Cheng-Yuan Ho, He-Bi Yang, Jui-Chiu Chiang, Yu-Lun Liu, Wen-Hsiao Peng

2025-12-11

TED-4DGS: Temporally Activated and Embedding-based Deformation for 4DGS Compression

Summary

This paper introduces a new method, called TED-4DGS, for efficiently representing and compressing videos as 3D scenes. It builds upon recent advances in representing static 3D scenes with 'Gaussian Splatting' and extends it to handle changes over time.

What's the problem?

Existing methods for representing dynamic 3D scenes either use too many details that quickly disappear, making them inefficient, or they deform the 3D scene in ways that aren't naturally tied to how time progresses.
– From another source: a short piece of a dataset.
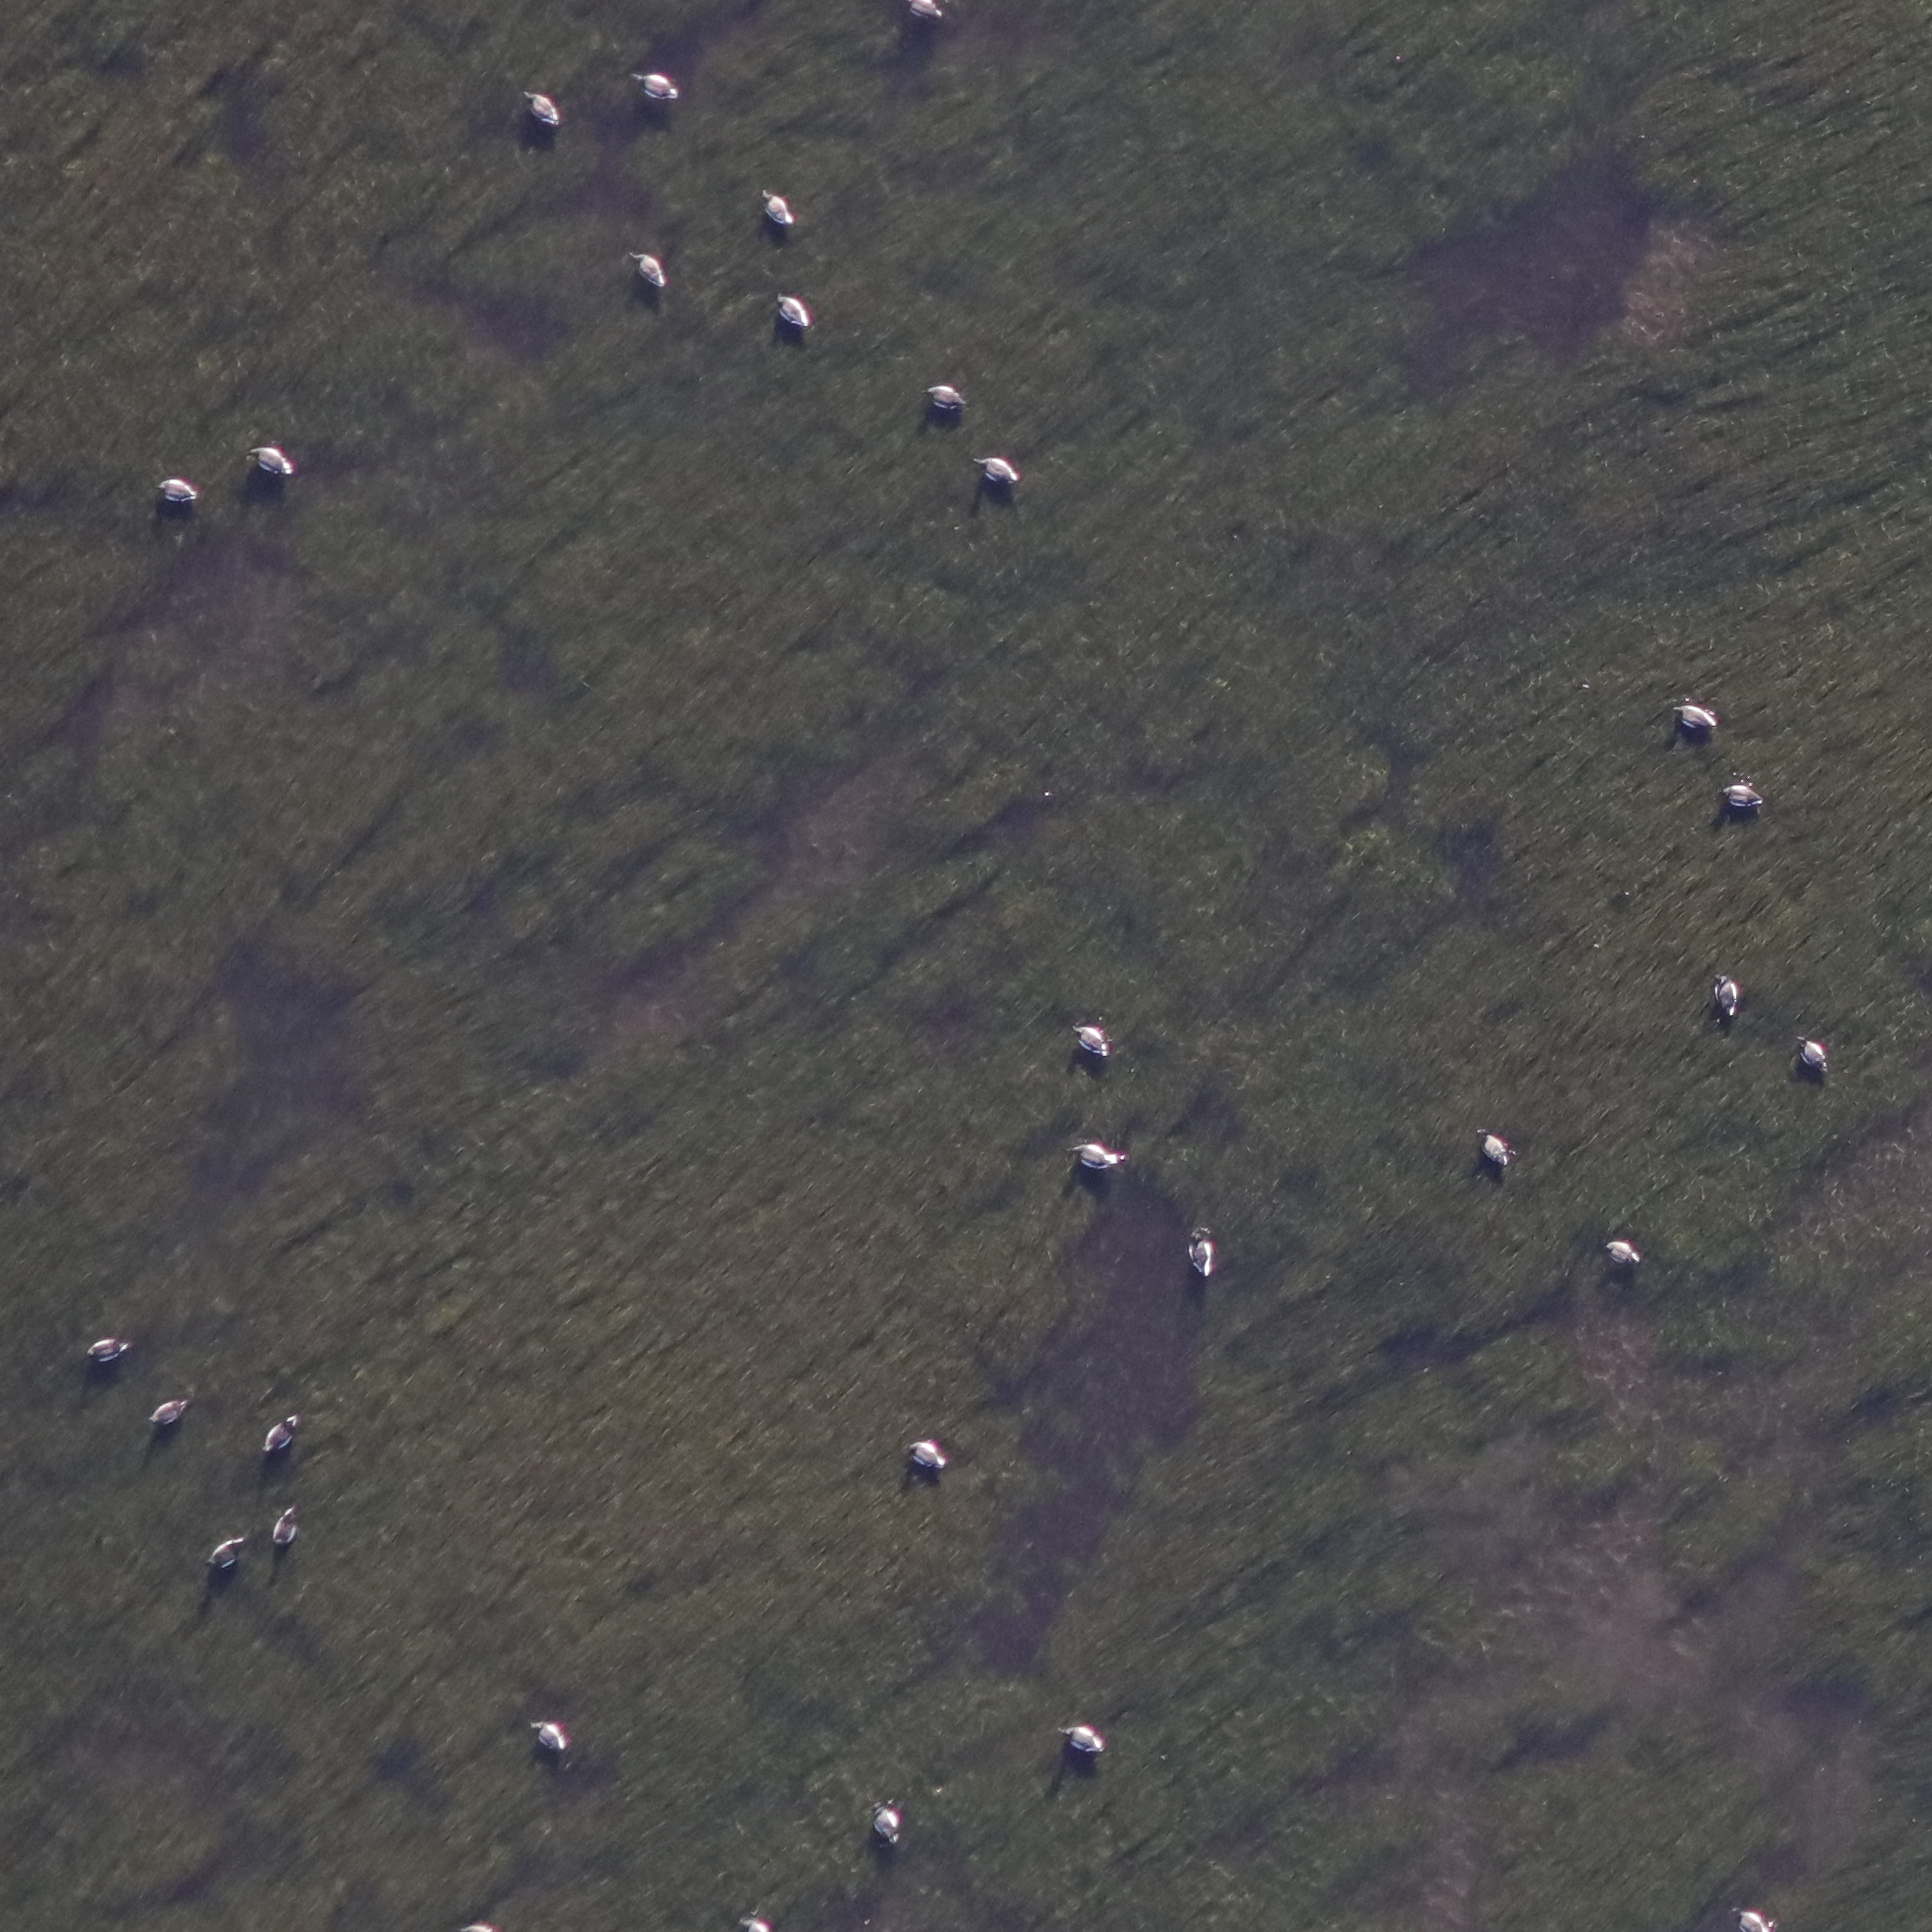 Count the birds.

29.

Essentially, they struggle to find a good balance between accurately showing movement and keeping the file size manageable. Compressing these dynamic 3D scenes effectively, meaning getting a good visual quality with a small file size, hasn't been fully explored.

What's the solution?

TED-4DGS solves this by using a system of 'anchors' – think of them as key points in the 3D scene. Each anchor has settings that control when it appears and disappears in the video. It also uses a 'deformation bank' which is a collection of ways to subtly change the shape of each anchor over time, and each anchor picks the deformation that works best for it. To make the file size even smaller, the method uses a smart way to predict the properties of these anchors and how they relate to each other, using something called an 'implicit neural representation' and 'autoregressive modeling'.

Why it matters?

This work is important because it's one of the first to focus on compressing dynamic 3D scenes in a way that balances visual quality and file size. This could lead to more efficient ways to store and share complex 3D videos, potentially impacting fields like virtual reality, augmented reality, and even filmmaking.

Abstract

Building on the success of 3D Gaussian Splatting (3DGS) in static 3D scene representation, its extension to dynamic scenes, commonly referred to as 4DGS or dynamic 3DGS, has attracted increasing attention. However, designing more compact and efficient deformation schemes together with rate-distortion-optimized compression strategies for dynamic 3DGS representations remains an underexplored area. Prior methods either rely on space-time 4DGS with overspecified, short-lived Gaussian primitives or on canonical 3DGS with deformation that lacks explicit temporal control. To address this, we present TED-4DGS, a temporally activated and embedding-based deformation scheme for rate-distortion-optimized 4DGS compression that unifies the strengths of both families. TED-4DGS is built on a sparse anchor-based 3DGS representation. Each canonical anchor is assigned learnable temporal-activation parameters to specify its appearance and disappearance transitions over time, while a lightweight per-anchor temporal embedding queries a shared deformation bank to produce anchor-specific deformation. For rate-distortion compression, we incorporate an implicit neural representation (INR)-based hyperprior to model anchor attribute distributions, along with a channel-wise autoregressive model to capture intra-anchor correlations. With these novel elements, our scheme achieves state-of-the-art rate-distortion performance on several real-world datasets. To the best of our knowledge, this work represents one of the first attempts to pursue a rate-distortion-optimized compression framework for dynamic 3DGS representations.